── DATA FOR THE TASK ──

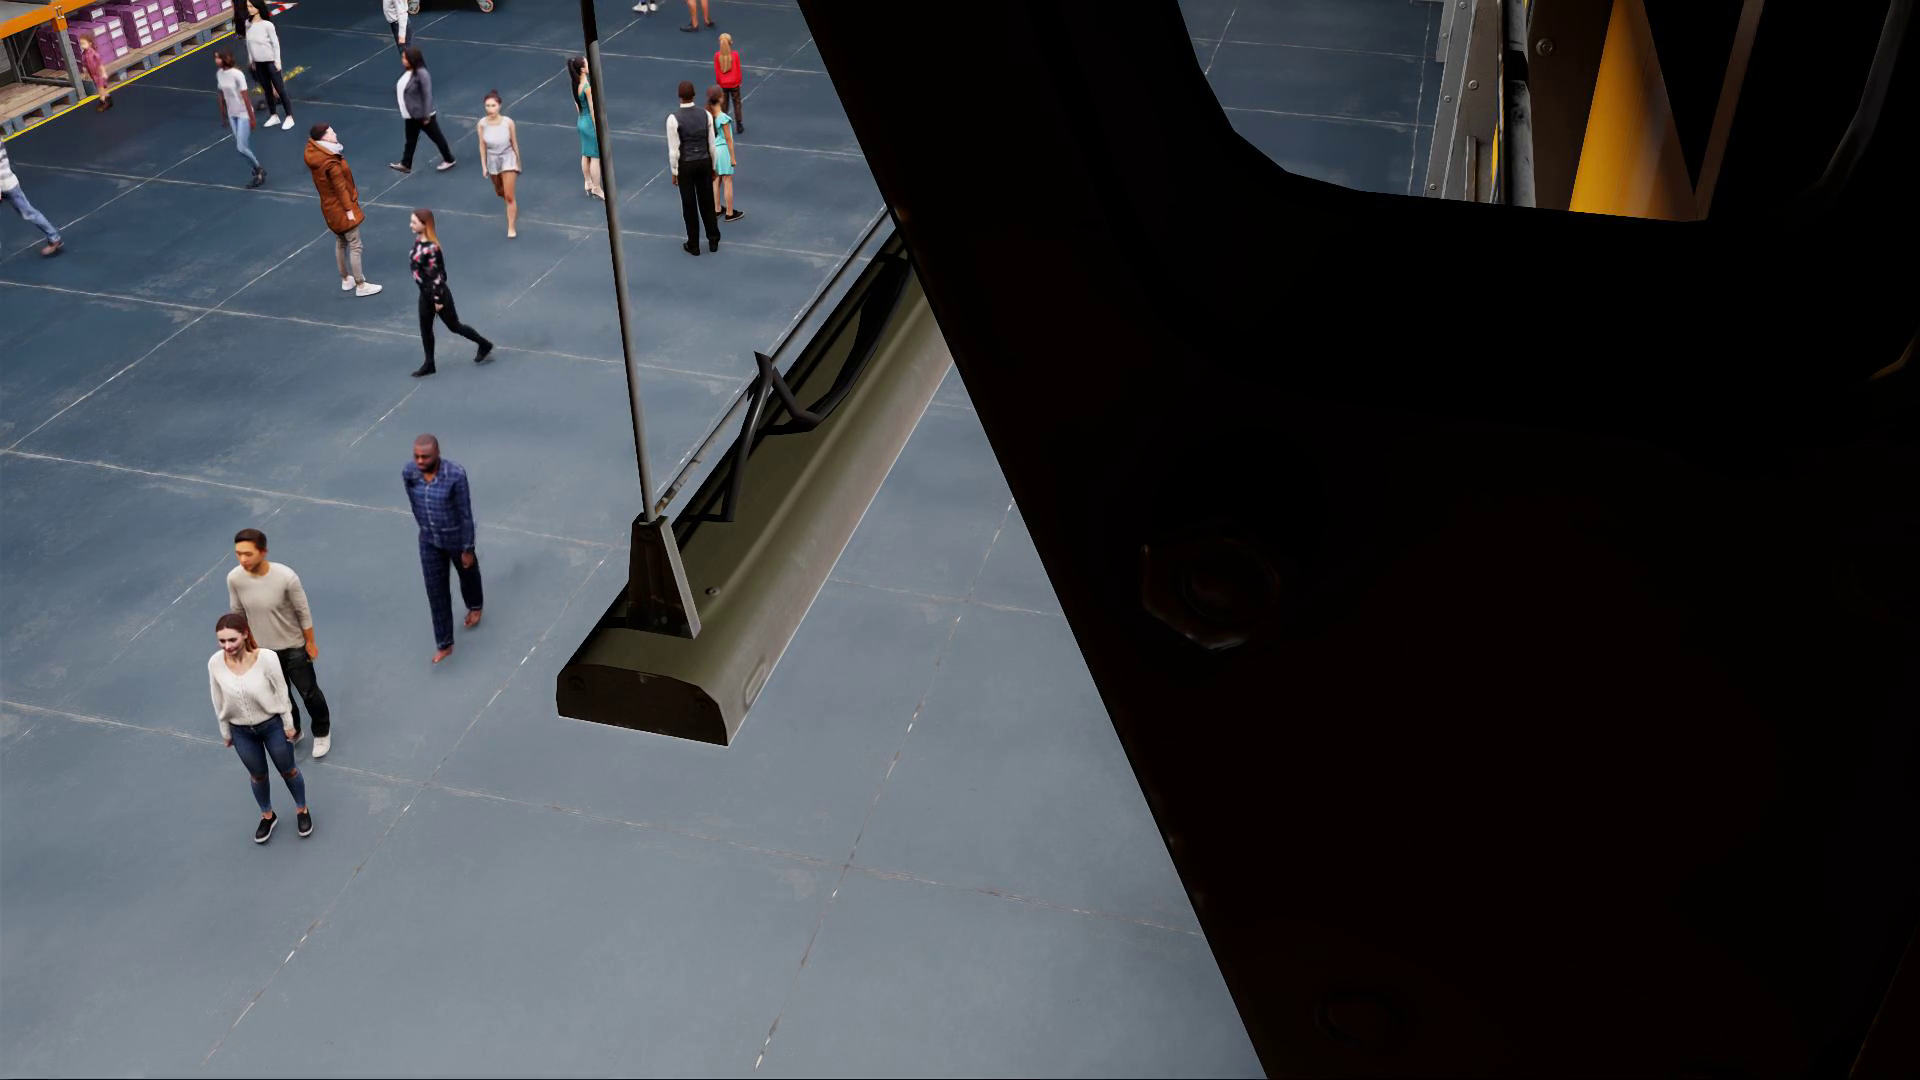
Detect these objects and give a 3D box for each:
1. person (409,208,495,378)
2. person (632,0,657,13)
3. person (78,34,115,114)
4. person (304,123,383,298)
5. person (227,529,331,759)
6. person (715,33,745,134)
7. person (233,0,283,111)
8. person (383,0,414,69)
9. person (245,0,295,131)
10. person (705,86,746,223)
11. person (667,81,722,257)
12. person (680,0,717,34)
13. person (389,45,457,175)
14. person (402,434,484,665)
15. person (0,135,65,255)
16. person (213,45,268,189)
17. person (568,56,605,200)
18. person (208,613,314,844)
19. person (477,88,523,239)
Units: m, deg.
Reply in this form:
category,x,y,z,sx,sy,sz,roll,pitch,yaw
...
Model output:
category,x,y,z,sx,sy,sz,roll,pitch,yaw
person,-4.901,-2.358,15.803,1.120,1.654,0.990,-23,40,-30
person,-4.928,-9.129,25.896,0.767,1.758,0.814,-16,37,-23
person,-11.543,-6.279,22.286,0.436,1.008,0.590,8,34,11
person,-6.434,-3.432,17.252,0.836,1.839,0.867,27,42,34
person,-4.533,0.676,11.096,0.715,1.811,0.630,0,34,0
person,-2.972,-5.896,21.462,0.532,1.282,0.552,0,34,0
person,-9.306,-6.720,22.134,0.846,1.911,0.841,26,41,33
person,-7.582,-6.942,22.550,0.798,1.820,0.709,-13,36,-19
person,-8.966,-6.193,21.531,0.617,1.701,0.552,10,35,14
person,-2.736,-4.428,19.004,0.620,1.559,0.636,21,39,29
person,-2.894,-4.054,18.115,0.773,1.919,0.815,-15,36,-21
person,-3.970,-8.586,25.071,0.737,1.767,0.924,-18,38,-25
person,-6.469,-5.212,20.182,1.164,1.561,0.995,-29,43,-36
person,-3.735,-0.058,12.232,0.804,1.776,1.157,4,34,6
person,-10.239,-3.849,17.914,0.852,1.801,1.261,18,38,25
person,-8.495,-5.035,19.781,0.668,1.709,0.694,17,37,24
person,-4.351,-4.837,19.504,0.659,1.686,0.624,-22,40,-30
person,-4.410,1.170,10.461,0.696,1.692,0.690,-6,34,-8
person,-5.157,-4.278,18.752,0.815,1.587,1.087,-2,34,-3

───

_WORK REQUEST_
Can you repeat every record above exactly, apart from the pictures?

_ANSWER BOX_
Detect these objects and give a 3D box for each:
1. person (409,208,495,378)
2. person (632,0,657,13)
3. person (78,34,115,114)
4. person (304,123,383,298)
5. person (227,529,331,759)
6. person (715,33,745,134)
7. person (233,0,283,111)
8. person (383,0,414,69)
9. person (245,0,295,131)
10. person (705,86,746,223)
11. person (667,81,722,257)
12. person (680,0,717,34)
13. person (389,45,457,175)
14. person (402,434,484,665)
15. person (0,135,65,255)
16. person (213,45,268,189)
17. person (568,56,605,200)
18. person (208,613,314,844)
19. person (477,88,523,239)
Units: m, deg.
Reply in this form:
category,x,y,z,sx,sy,sz,roll,pitch,yaw
...
Model output:
category,x,y,z,sx,sy,sz,roll,pitch,yaw
person,-4.901,-2.358,15.803,1.120,1.654,0.990,-23,40,-30
person,-4.928,-9.129,25.896,0.767,1.758,0.814,-16,37,-23
person,-11.543,-6.279,22.286,0.436,1.008,0.590,8,34,11
person,-6.434,-3.432,17.252,0.836,1.839,0.867,27,42,34
person,-4.533,0.676,11.096,0.715,1.811,0.630,0,34,0
person,-2.972,-5.896,21.462,0.532,1.282,0.552,0,34,0
person,-9.306,-6.720,22.134,0.846,1.911,0.841,26,41,33
person,-7.582,-6.942,22.550,0.798,1.820,0.709,-13,36,-19
person,-8.966,-6.193,21.531,0.617,1.701,0.552,10,35,14
person,-2.736,-4.428,19.004,0.620,1.559,0.636,21,39,29
person,-2.894,-4.054,18.115,0.773,1.919,0.815,-15,36,-21
person,-3.970,-8.586,25.071,0.737,1.767,0.924,-18,38,-25
person,-6.469,-5.212,20.182,1.164,1.561,0.995,-29,43,-36
person,-3.735,-0.058,12.232,0.804,1.776,1.157,4,34,6
person,-10.239,-3.849,17.914,0.852,1.801,1.261,18,38,25
person,-8.495,-5.035,19.781,0.668,1.709,0.694,17,37,24
person,-4.351,-4.837,19.504,0.659,1.686,0.624,-22,40,-30
person,-4.410,1.170,10.461,0.696,1.692,0.690,-6,34,-8
person,-5.157,-4.278,18.752,0.815,1.587,1.087,-2,34,-3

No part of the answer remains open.